■ Work instruction:
Using "développement" as the search string, find the matching lines below and copy them.

■ Supplied material:
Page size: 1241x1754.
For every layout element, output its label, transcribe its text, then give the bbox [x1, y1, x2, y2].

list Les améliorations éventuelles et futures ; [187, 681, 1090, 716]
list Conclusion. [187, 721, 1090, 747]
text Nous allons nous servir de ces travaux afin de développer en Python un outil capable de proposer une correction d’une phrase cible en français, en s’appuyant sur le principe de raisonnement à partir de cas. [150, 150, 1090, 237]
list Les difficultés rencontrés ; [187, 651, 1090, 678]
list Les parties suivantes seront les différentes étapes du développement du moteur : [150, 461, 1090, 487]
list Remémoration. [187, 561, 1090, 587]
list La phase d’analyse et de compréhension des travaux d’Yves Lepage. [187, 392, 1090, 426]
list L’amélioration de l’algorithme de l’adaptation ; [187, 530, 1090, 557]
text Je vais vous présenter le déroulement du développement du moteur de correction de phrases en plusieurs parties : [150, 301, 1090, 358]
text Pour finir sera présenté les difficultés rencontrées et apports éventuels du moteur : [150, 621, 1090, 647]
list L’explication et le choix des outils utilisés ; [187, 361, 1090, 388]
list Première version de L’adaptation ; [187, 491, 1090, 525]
--
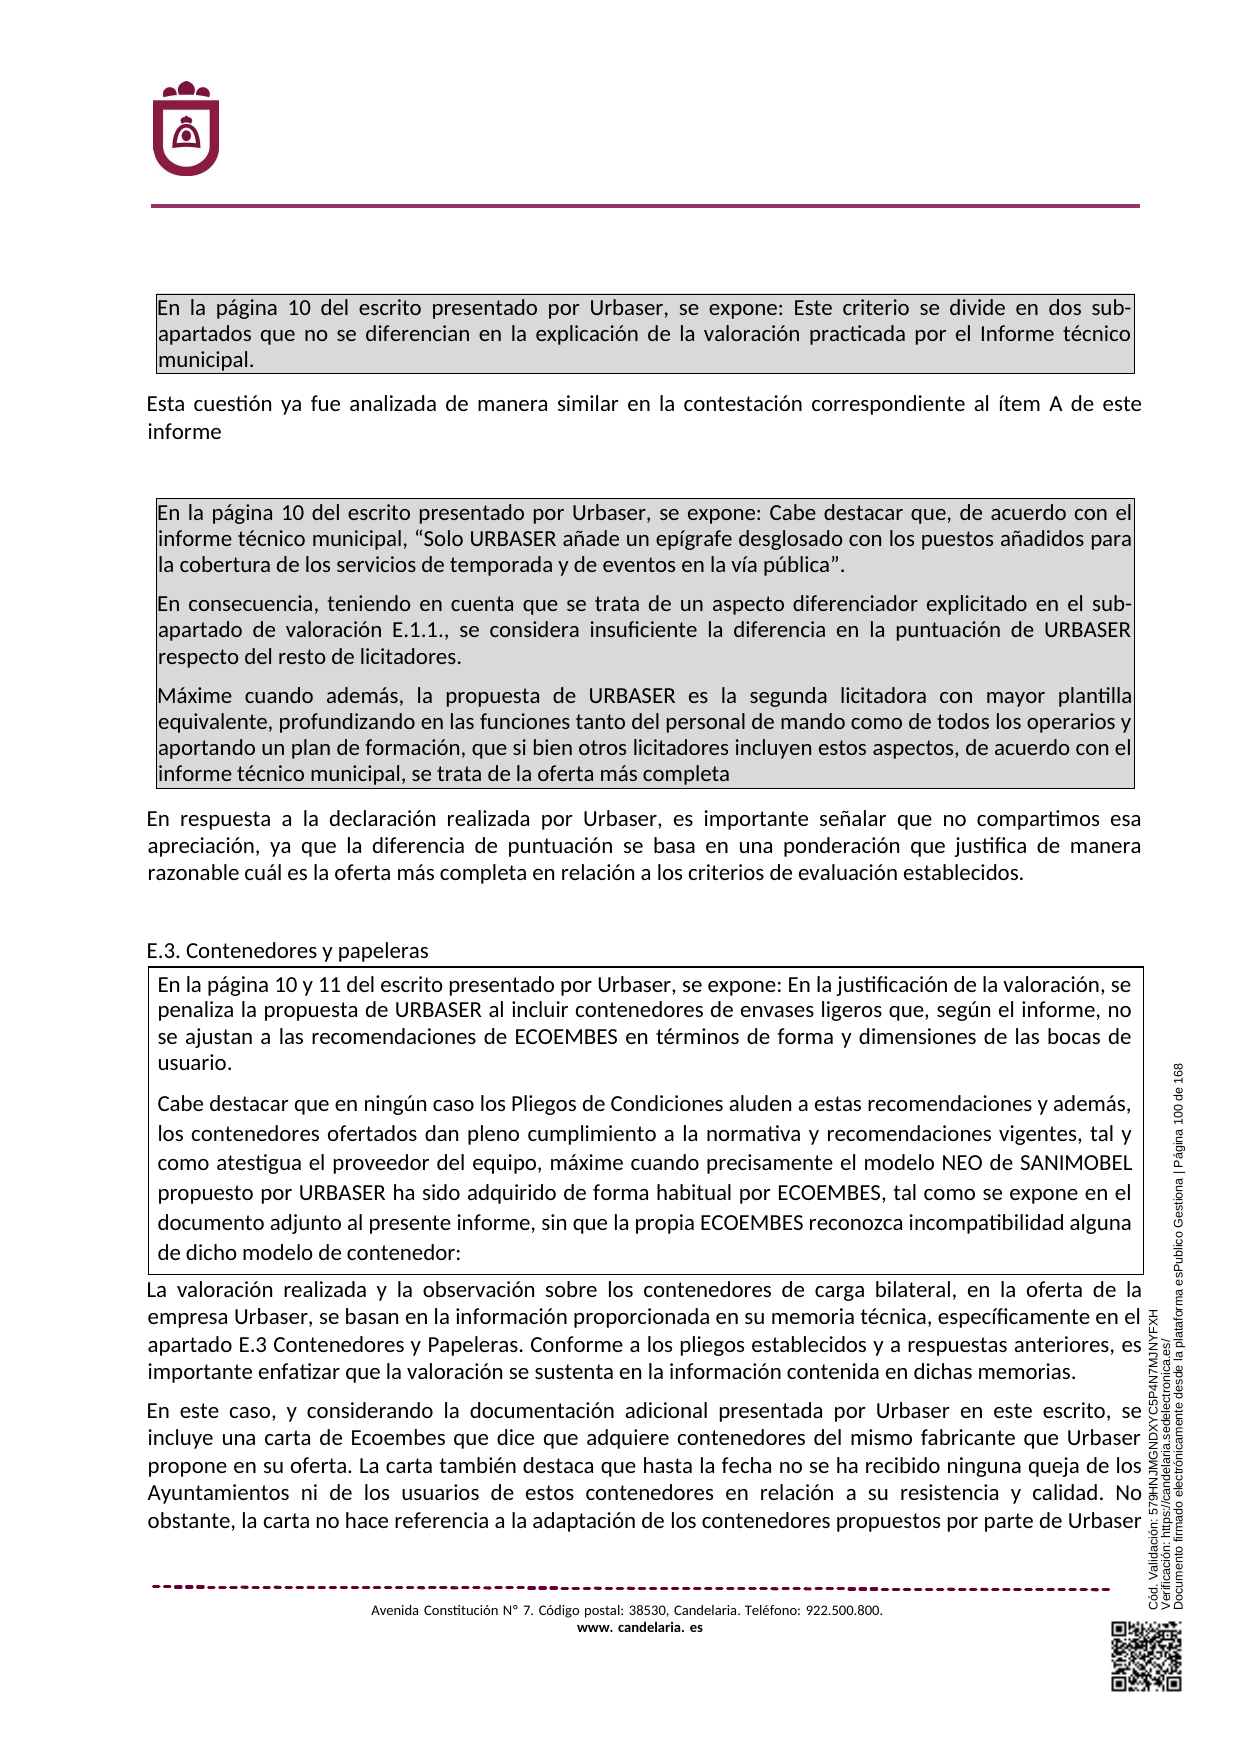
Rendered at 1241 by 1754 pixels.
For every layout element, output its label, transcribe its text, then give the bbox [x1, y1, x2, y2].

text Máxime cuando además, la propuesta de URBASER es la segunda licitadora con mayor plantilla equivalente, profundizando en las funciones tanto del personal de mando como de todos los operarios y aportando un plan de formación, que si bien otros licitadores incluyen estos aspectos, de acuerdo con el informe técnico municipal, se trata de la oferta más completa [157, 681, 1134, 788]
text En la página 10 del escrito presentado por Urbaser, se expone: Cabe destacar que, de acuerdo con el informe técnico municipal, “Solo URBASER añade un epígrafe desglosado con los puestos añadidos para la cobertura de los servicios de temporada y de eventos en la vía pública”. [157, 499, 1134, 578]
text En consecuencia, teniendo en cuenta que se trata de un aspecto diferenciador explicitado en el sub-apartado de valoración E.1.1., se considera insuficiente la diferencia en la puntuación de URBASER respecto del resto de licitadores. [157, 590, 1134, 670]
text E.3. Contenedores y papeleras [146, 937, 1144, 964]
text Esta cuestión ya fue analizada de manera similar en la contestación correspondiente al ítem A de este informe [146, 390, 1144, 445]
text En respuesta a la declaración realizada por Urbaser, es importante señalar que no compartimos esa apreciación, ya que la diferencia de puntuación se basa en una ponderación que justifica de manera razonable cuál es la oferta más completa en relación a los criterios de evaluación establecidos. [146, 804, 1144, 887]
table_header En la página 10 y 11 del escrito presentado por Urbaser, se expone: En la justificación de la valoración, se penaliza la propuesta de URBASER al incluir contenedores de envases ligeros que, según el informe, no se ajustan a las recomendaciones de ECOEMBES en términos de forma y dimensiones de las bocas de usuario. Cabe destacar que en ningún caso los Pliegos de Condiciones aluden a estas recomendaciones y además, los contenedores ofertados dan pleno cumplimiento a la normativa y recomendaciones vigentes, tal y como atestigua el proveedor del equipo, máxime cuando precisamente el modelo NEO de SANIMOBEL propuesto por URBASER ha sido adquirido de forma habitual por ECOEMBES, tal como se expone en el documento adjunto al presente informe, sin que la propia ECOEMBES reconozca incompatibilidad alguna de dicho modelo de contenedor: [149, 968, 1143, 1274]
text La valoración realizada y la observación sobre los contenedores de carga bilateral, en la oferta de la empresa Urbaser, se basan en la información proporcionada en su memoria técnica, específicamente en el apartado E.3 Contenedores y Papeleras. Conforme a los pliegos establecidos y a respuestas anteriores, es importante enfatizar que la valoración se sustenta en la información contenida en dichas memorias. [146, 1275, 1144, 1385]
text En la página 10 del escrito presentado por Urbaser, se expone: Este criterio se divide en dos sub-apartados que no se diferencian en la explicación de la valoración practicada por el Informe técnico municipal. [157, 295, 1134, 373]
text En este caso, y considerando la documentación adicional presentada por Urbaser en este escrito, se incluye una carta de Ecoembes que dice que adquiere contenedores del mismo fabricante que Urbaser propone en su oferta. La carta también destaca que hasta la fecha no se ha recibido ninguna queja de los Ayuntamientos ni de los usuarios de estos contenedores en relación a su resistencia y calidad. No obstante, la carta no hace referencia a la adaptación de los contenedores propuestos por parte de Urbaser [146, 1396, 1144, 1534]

■ Response area:
list Les parties suivantes seront les différentes étapes du développement du moteur : [150, 461, 1090, 487]
text Je vais vous présenter le déroulement du développement du moteur de correction de phrases en plusieurs parties : [150, 301, 1090, 358]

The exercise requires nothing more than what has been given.